> **Directions for this task**
Set the records down again in full, exactly as they are, apart from the images.

Source records:
┌──

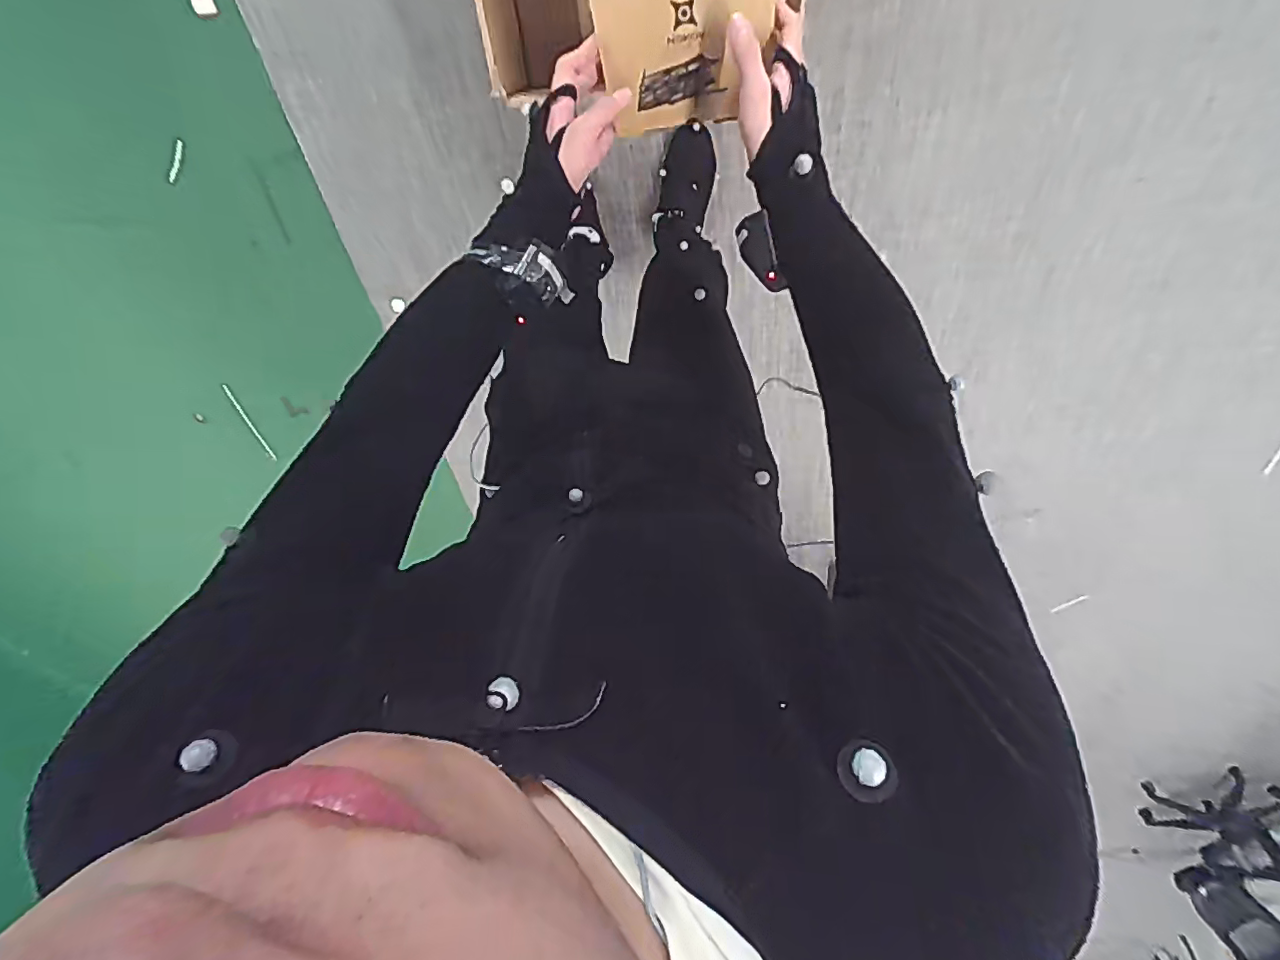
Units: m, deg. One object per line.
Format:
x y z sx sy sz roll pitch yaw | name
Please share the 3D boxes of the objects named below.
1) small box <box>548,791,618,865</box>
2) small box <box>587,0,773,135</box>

└──

> **Exercise answer**
Units: m, deg. One object per line.
Format:
x y z sx sy sz roll pitch yaw | name
Please share the 3D boxes of the objects named below.
1) small box <box>548,791,618,865</box>
2) small box <box>587,0,773,135</box>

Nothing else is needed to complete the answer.